One of the Sussex hunters, a courageous woman, lashed out with her riding crop, striking an attacker and, unfortunately, causing only superficial damage. She was shouting: “Get off my horse!” and “This is private land!”

I do wish hunters were allowed to defend themselves with something heavier than crops. They need real weapons in defence of our civilisation.

Commenting on the incident, a spokesman for the Countryside Alliance said: “The reality is that the anti-hunting movement is far more about the hatred of people who hunt than the love of animals.”

The statement is correct, but it doesn’t go far enough. The spokesman was alluding to class hatred, which is the most obvious motive driving the thugs, who share their sartorial tastes with bank robbers.

Disgusting though this is, the issue is really deeper than that. The thugs don’t just hate ‘toffs’ – they loathe, and seek to destroy, our whole civilisation.

This they wouldn’t admit, of course, although they aren’t always bashful about expressing their feelings for the ‘toffs’. Instead they’ll claim burning compassion for those poor furry animals torn apart by beagles.

“How would you like that to happen to you?” one of those cretins once asked me. I wouldn’t. Which is why I don’t steal chickens and devour them raw.

Hunting was banned, with some qualifications, by Blair’s government in 2004, which wasn’t the most subversive thing that awful gang did, but right up there. John Prescott, Blair’s loutish deputy, openly professed hatred for “the red coats”, correctly perceiving them as his superiors in every sense.

The face value of the anti-hunting argument doesn’t hold water at any level. Many people who hunt aren’t toffs at all, just people who like country sports. And thousands of those who served the hunts and lost their livelihoods as a result of the ban came from the same class as Prescott.

Since the ban, the fox population has exploded, with catastrophic effects for poultry farmers. And the vulpine population has spilled into cities as well, with the vermin rummaging in rubbish skips even in central London.

But in such matters, it’s not the text but the subtext that matters. And the subtext is the rejection of the founding presupposition of our civilisation: the uniqueness of and supremacy of man over all other living creatures.

Before Christ, Plato defined man as a two-legged animal without feathers; after Christ, Darwin explained that man was but a cleverer ape. Like two jaws of a vice, the two extremes have squeezed the life out of history’s greatest civilisation caught in between.

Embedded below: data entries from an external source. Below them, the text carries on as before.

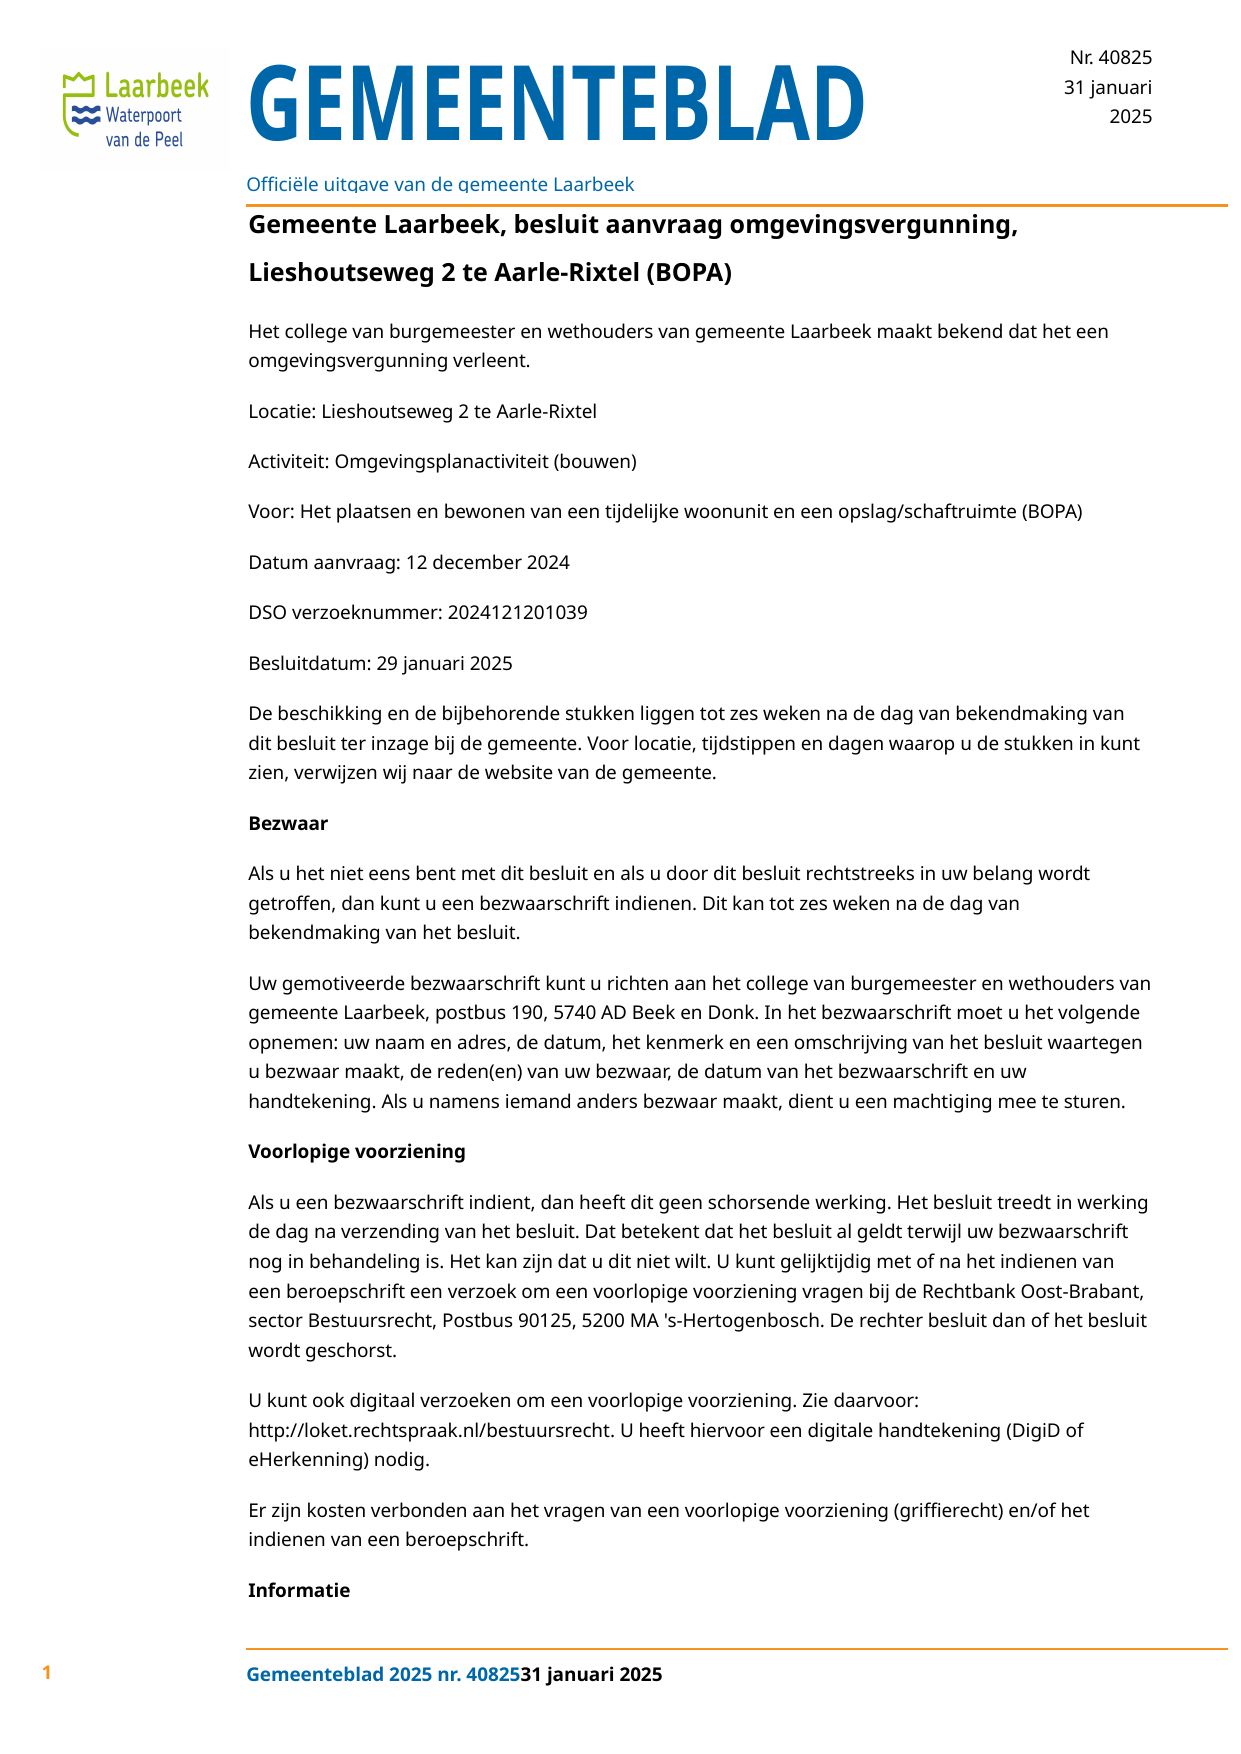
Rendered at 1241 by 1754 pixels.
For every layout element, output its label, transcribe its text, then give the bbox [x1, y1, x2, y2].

text Bezwaar [248, 810, 1152, 836]
text Het college van burgemeester en wethouders van gemeente Laarbeek maakt bekend dat het een omgevingsvergunning verleent. [248, 318, 1152, 373]
text Voorlopige voorziening [248, 1139, 1152, 1164]
text Activiteit: Omgevingsplanactiviteit (bouwen) [248, 448, 1152, 474]
text Voor: Het plaatsen en bewonen van een tijdelijke woonunit en een opslag/schaftruimte (BOPA) [248, 499, 1152, 524]
text Uw gemotiveerde bezwaarschrift kunt u richten aan het college van burgemeester en wethouders van gemeente Laarbeek, postbus 190, 5740 AD Beek en Donk. In het bezwaarschrift moet u het volgende opnemen: uw naam en adres, de datum, het kenmerk en een omschrijving van het besluit waartegen u bezwaar maakt, de reden(en) van uw bezwaar, de datum van het bezwaarschrift en uw handtekening. Als u namens iemand anders bezwaar maakt, dient u een machtiging mee te sturen. [248, 970, 1152, 1114]
text DSO verzoeknummer: 2024121201039 [248, 599, 1152, 625]
text U kunt ook digitaal verzoeken om een voorlopige voorziening. Zie daarvoor: http://loket.rechtspraak.nl/bestuursrecht. U heeft hiervoor een digitale handtekening (DigiD of eHerkenning) nodig. [248, 1387, 1152, 1472]
text Als u een bezwaarschrift indient, dan heeft dit geen schorsende werking. Het besluit treedt in werking de dag na verzending van het besluit. Dat betekent dat het besluit al geldt terwijl uw bezwaarschrift nog in behandeling is. Het kan zijn dat u dit niet wilt. U kunt gelijktijdig met of na het indienen van een beroepschrift een verzoek om een voorlopige voorziening vragen bij de Rechtbank Oost-Brabant, sector Bestuursrecht, Postbus 90125, 5200 MA 's‑Hertogenbosch. De rechter besluit dan of het besluit wordt geschorst. [248, 1189, 1152, 1363]
picture [41, 47, 231, 172]
text Gemeente Laarbeek, besluit aanvraag omgevingsvergunning, Lieshoutseweg 2 te Aarle-Rixtel (BOPA) [248, 207, 1152, 288]
text Datum aanvraag: 12 december 2024 [248, 549, 1152, 575]
text Locatie: Lieshoutseweg 2 te Aarle-Rixtel [248, 398, 1152, 424]
text Als u het niet eens bent met dit besluit en als u door dit besluit rechtstreeks in uw belang wordt getroffen, dan kunt u een bezwaarschrift indienen. Dit kan tot zes weken na de dag van bekendmaking van het besluit. [248, 860, 1152, 945]
text Er zijn kosten verbonden aan het vragen van een voorlopige voorziening (griffierecht) en/of het indienen van een beroepschrift. [248, 1497, 1152, 1552]
text Besluitdatum: 29 januari 2025 [248, 650, 1152, 676]
text Informatie [248, 1577, 1152, 1603]
text De beschikking en de bijbehorende stukken liggen tot zes weken na de dag van bekendmaking van dit besluit ter inzage bij de gemeente. Voor locatie, tijdstippen en dagen waarop u de stukken in kunt zien, verwijzen wij naar de website van de gemeente. [248, 700, 1152, 785]
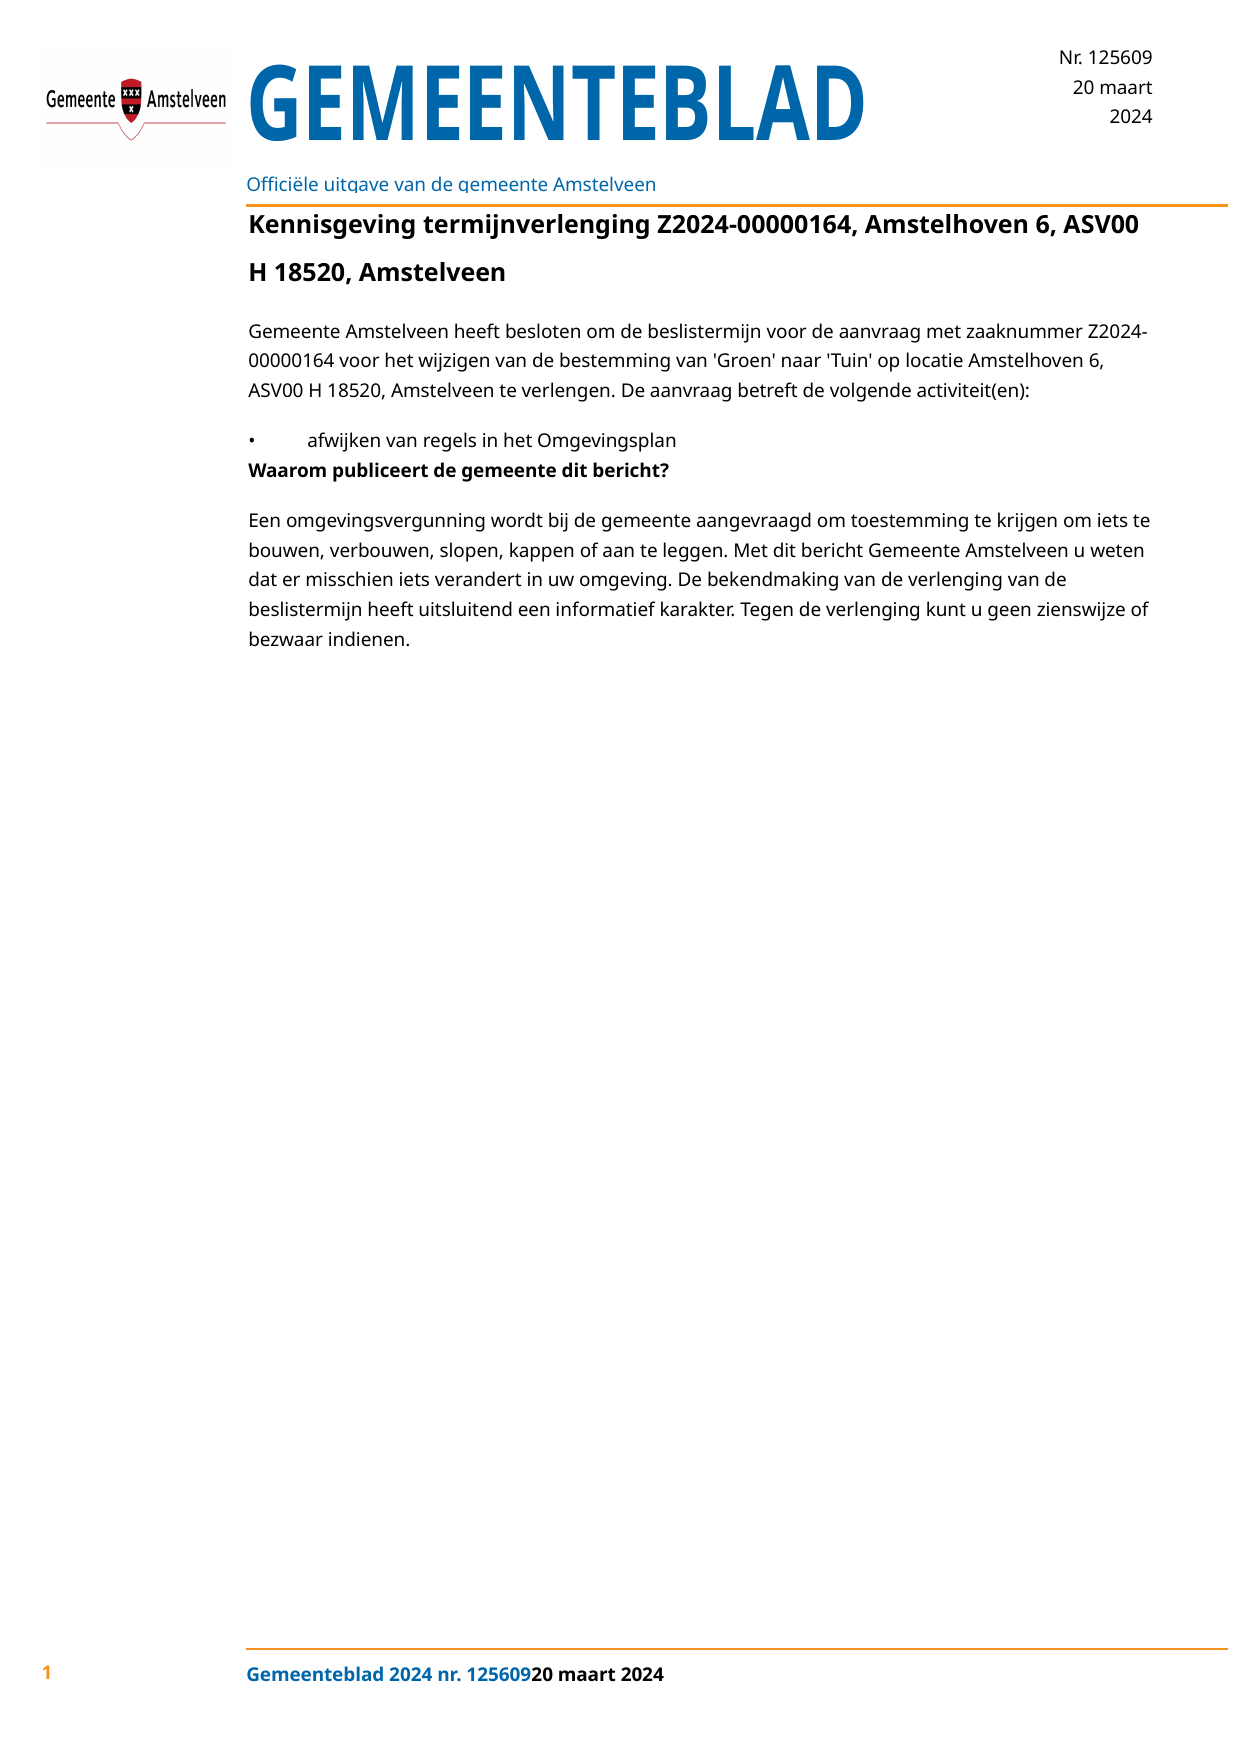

That civilisation rose to celestial heights because it proceeded from the assumption that man was created by God in His image, endowed with an eternal soul and destined for salvation and immortality. Any similarities with other animals were thereby reduced to the level of petty atavisms of academic interest only.

It was also understood that not everybody has the mental faculties to answer what Dostoevsky called “the accursed questions” for himself. People were encouraged to accept the authority of their intellectual and moral superiors and not bother themselves with matters beyond their understanding.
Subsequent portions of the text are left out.